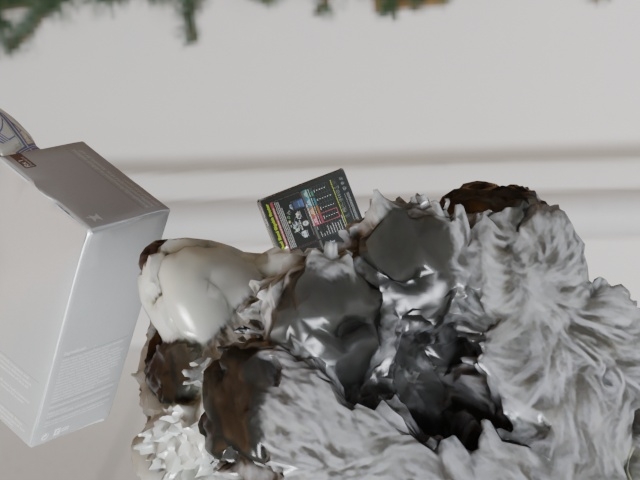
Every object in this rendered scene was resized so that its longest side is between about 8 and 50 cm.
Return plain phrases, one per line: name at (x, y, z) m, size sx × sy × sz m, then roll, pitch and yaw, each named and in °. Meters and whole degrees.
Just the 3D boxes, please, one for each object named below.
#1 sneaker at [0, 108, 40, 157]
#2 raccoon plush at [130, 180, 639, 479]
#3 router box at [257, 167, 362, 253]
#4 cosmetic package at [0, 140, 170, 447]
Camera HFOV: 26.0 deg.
sneaker at (-0.276, -0.043, 1.337) m, size 0.131 × 0.296 × 0.112 m, roll 22°, pitch -103°, yaw 48°
raccoon plush at (0.048, 0.174, 0.724) m, size 0.216 × 0.446 × 0.299 m, roll -23°, pitch 171°, yaw -23°
router box at (0.000, 0.000, 1.396) m, size 0.092 × 0.122 × 0.038 m, roll -21°, pitch 180°, yaw -8°
cosmetic package at (-0.231, 0.046, 1.212) m, size 0.127 × 0.238 × 0.107 m, roll 38°, pitch -150°, yaw 26°
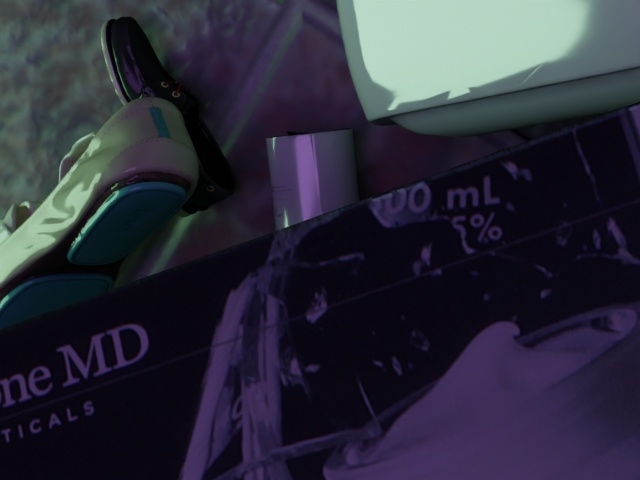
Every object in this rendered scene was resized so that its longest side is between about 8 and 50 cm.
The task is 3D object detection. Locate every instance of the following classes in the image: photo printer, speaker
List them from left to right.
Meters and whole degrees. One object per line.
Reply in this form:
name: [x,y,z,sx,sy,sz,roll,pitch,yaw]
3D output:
speaker: [0.000,0.000,1.166,0.055,0.055,0.136,-6,93,22]
photo printer: [0.110,-0.188,1.012,0.307,0.107,0.256,-5,87,57]

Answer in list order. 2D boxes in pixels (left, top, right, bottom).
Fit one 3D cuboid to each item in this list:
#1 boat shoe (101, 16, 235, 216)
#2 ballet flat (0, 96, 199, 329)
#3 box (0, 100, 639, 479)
boat shoe: [-0.094,-0.082,1.200,0.042,0.049,0.133,-24,93,26]
ballet flat: [-0.156,-0.006,1.204,0.248,0.086,0.086,-41,80,39]
box: [0.058,0.250,0.927,0.479,0.297,0.472,-20,66,10]

**Brief**
The result should be the full set of entries above, restated exactly and without images.

**Solution for this problem**
Every object in this rendered scene was resized so that its longest side is between about 8 and 50 cm.
Return plain phrases, one per line: name at (x, y, z) m, size sx × sy × sz m, then roll, pitch and yaw, each named and in °. Meters and whole degrees.
Just the 3D boxes, please, one for each object named below.
#1 sneaker at [0, 108, 40, 157]
#2 raccoon plush at [130, 180, 639, 479]
#3 router box at [257, 167, 362, 253]
#4 cosmetic package at [0, 140, 170, 447]
Camera HFOV: 26.0 deg.
sneaker at (-0.276, -0.043, 1.337) m, size 0.131 × 0.296 × 0.112 m, roll 22°, pitch -103°, yaw 48°
raccoon plush at (0.048, 0.174, 0.724) m, size 0.216 × 0.446 × 0.299 m, roll -23°, pitch 171°, yaw -23°
router box at (0.000, 0.000, 1.396) m, size 0.092 × 0.122 × 0.038 m, roll -21°, pitch 180°, yaw -8°
cosmetic package at (-0.231, 0.046, 1.212) m, size 0.127 × 0.238 × 0.107 m, roll 38°, pitch -150°, yaw 26°
Every object in this rendered scene was resized so that its longest side is between about 8 and 50 cm.
The task is 3D object detection. Locate every instance of the following classes in the image: photo printer, speaker
List them from left to right.
Meters and whole degrees. One object per line.
Reply in this form:
name: [x,y,z,sx,sy,sz,roll,pitch,yaw]
3D output:
speaker: [0.000,0.000,1.166,0.055,0.055,0.136,-6,93,22]
photo printer: [0.110,-0.188,1.012,0.307,0.107,0.256,-5,87,57]

Answer in list order. 2D boxes in pixels (left, top, right, bottom).
Fit one 3D cuboid to each item in this list:
#1 boat shoe (101, 16, 235, 216)
#2 ballet flat (0, 96, 199, 329)
#3 box (0, 100, 639, 479)
boat shoe: [-0.094,-0.082,1.200,0.042,0.049,0.133,-24,93,26]
ballet flat: [-0.156,-0.006,1.204,0.248,0.086,0.086,-41,80,39]
box: [0.058,0.250,0.927,0.479,0.297,0.472,-20,66,10]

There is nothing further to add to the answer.